Hash Left Join  (cost=6342.36..6382.37 rows=1000 width=108) (actual time=2774.785..2806.634 rows=53446 loops=1)
  Hash Cond: (((d."Site")::text = ("T01_References"."Site")::text) AND ((d."Internal_reference")::text = ("T01_References"."Internal_reference")::text) AND ((d."Customer_code")::text = ("T02_Customers"."Customer_code")::text))
  ->  Function Scan on get_sa001 d  (cost=0.25..10.25 rows=1000 width=168) (actual time=2597.277..2605.074 rows=53446 loops=1)
  ->  Hash  (cost=6329.04..6329.04 rows=747 width=28) (actual time=177.496..177.496 rows=13182 loops=1)
        Buckets: 1024  Batches: 1  Memory Usage: 768kB
        ->  Hash Join  (cost=5275.62..6329.04 rows=747 width=28) (actual time=138.692..174.757 rows=13182 loops=1)
              Hash Cond: ((("T02_Customers"."Site")::text = ("T01_References"."Site")::text) AND (("T12_RefCustomer"."Internal_reference")::text = ("T01_References"."Internal_reference")::text))
              ->  Merge Join  (cost=1747.80..1925.62 rows=3703 width=33) (actual time=111.117..129.543 rows=13182 loops=1)
                    Merge Cond: ((("T12_RefCustomer"."Site")::text = ("T02_Customers"."Site")::text) AND (("T12_RefCustomer"."Customer_code")::text = ("T02_Customers"."Customer_code")::text))
                    ->  Sort  (cost=1250.80..1283.75 rows=13181 width=29) (actual time=84.036..87.813 rows=13182 loops=1)
                          Sort Key: "T12_RefCustomer"."Site", "T12_RefCustomer"."Customer_code"
                          Sort Method: external merge  Disk: 528kB
                          ->  Seq Scan on "T12_RefCustomer"  (cost=0.00..348.81 rows=13181 width=29) (actual time=0.004..1.998 rows=13182 loops=1)
                    ->  Sort  (cost=497.00..510.98 rows=5592 width=17) (actual time=27.076..27.486 rows=17525 loops=1)
                          Sort Key: "T02_Customers"."Site", "T02_Customers"."Customer_code"
                          Sort Method: quicksort  Memory: 607kB
                          ->  Seq Scan on "T02_Customers"  (cost=0.00..148.92 rows=5592 width=17) (actual time=0.003..0.597 rows=5593 loops=1)
              ->  Hash  (cost=1973.13..1973.13 rows=74513 width=22) (actual time=26.911..26.911 rows=74513 loops=1)
                    Buckets: 2048  Batches: 4  Memory Usage: 1019kB
                    ->  Seq Scan on "T01_References"  (cost=0.00..1973.13 rows=74513 width=22) (actual time=0.002..11.099 rows=74513 loops=1)
Total runtime: 2810.434 ms

Best Answer

Manually disabling planner methods to force different query plans is a desperate measure of last resort and typically hiding problems, plus causing more problems later. In short: don't.

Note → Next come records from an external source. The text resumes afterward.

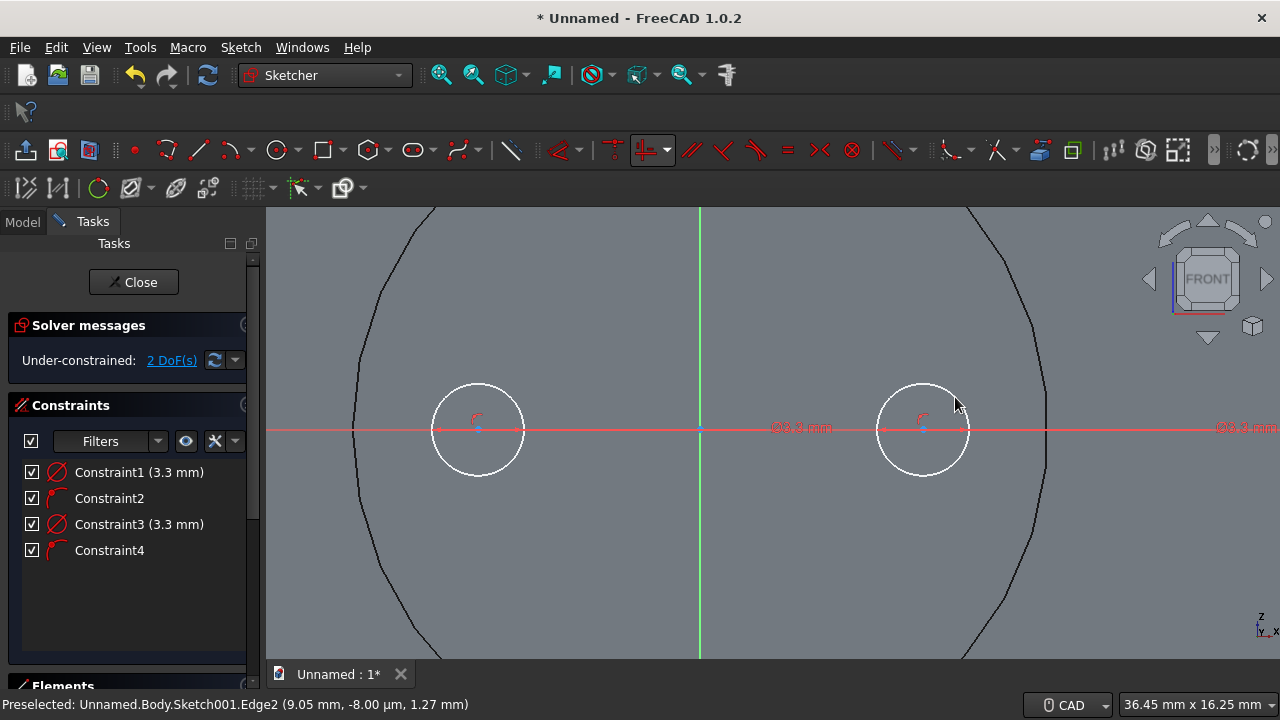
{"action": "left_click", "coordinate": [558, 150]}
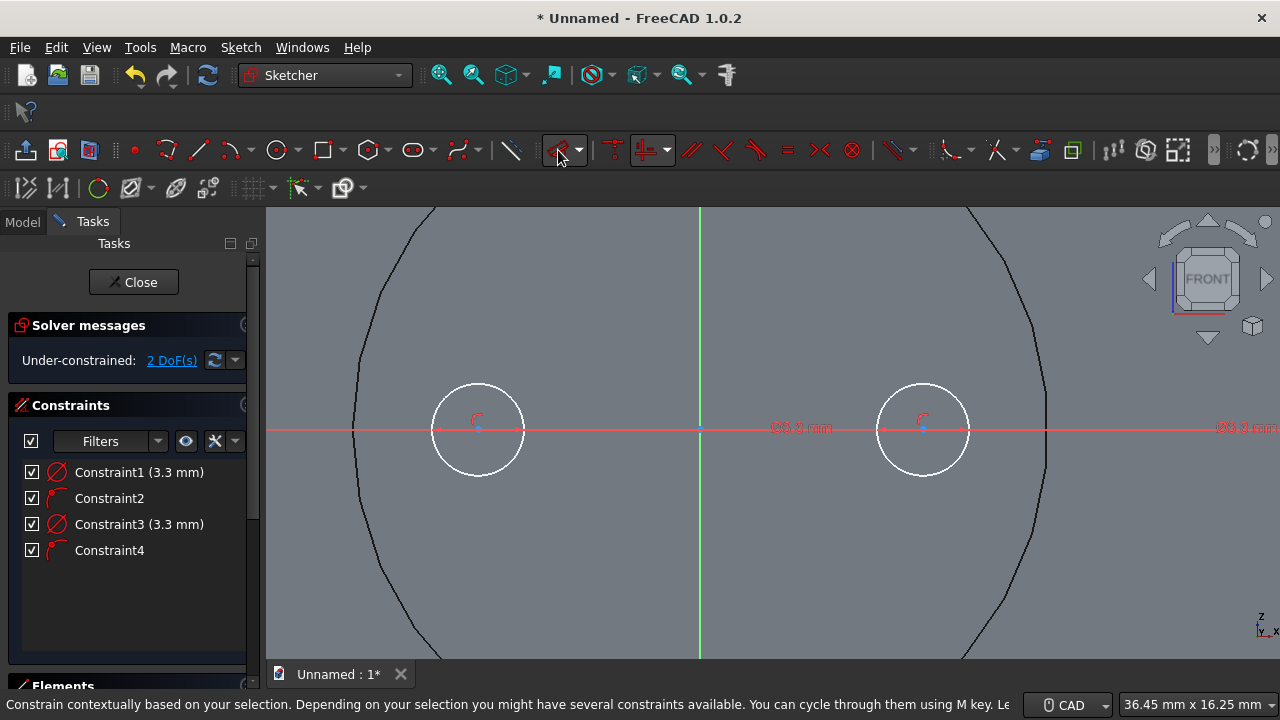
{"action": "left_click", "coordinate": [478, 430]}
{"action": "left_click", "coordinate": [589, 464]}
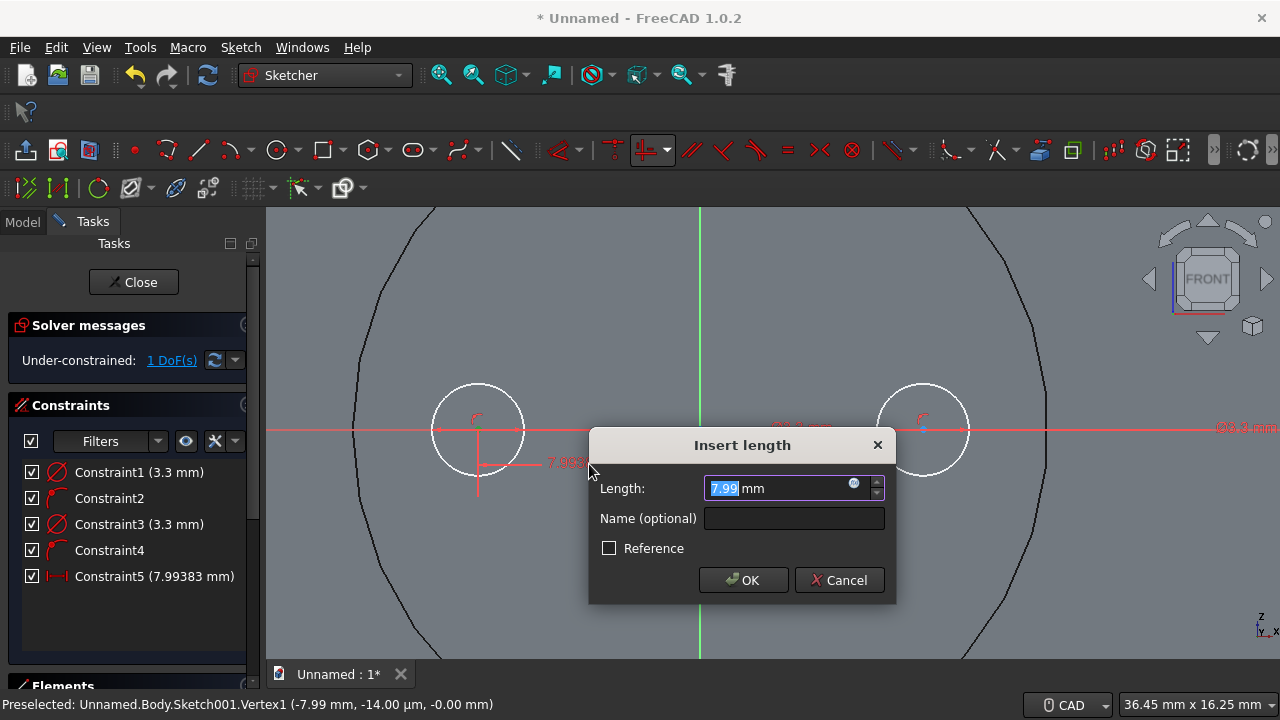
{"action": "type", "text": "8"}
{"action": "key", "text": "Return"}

The solution to your problem is a complete rewrite of the function.

Your temp tables do not have any indexes or even table statistics. You would have to run ANALYZE on each temp table manually after creation.

And possibly create indexes. This would most probably allow (much) better query plans, but add more overhead, yet. Still just putting lipstick on a pig.

Instead, replace your complete function body with a single query using CTEs or subqueries instead of temp tables. Much less overhead, and indexes and table statistics of the underlying tables can be used. That will be much faster.

I am not going to do the rewrite for you. Too much work, and well beyond the scope of OT questions here.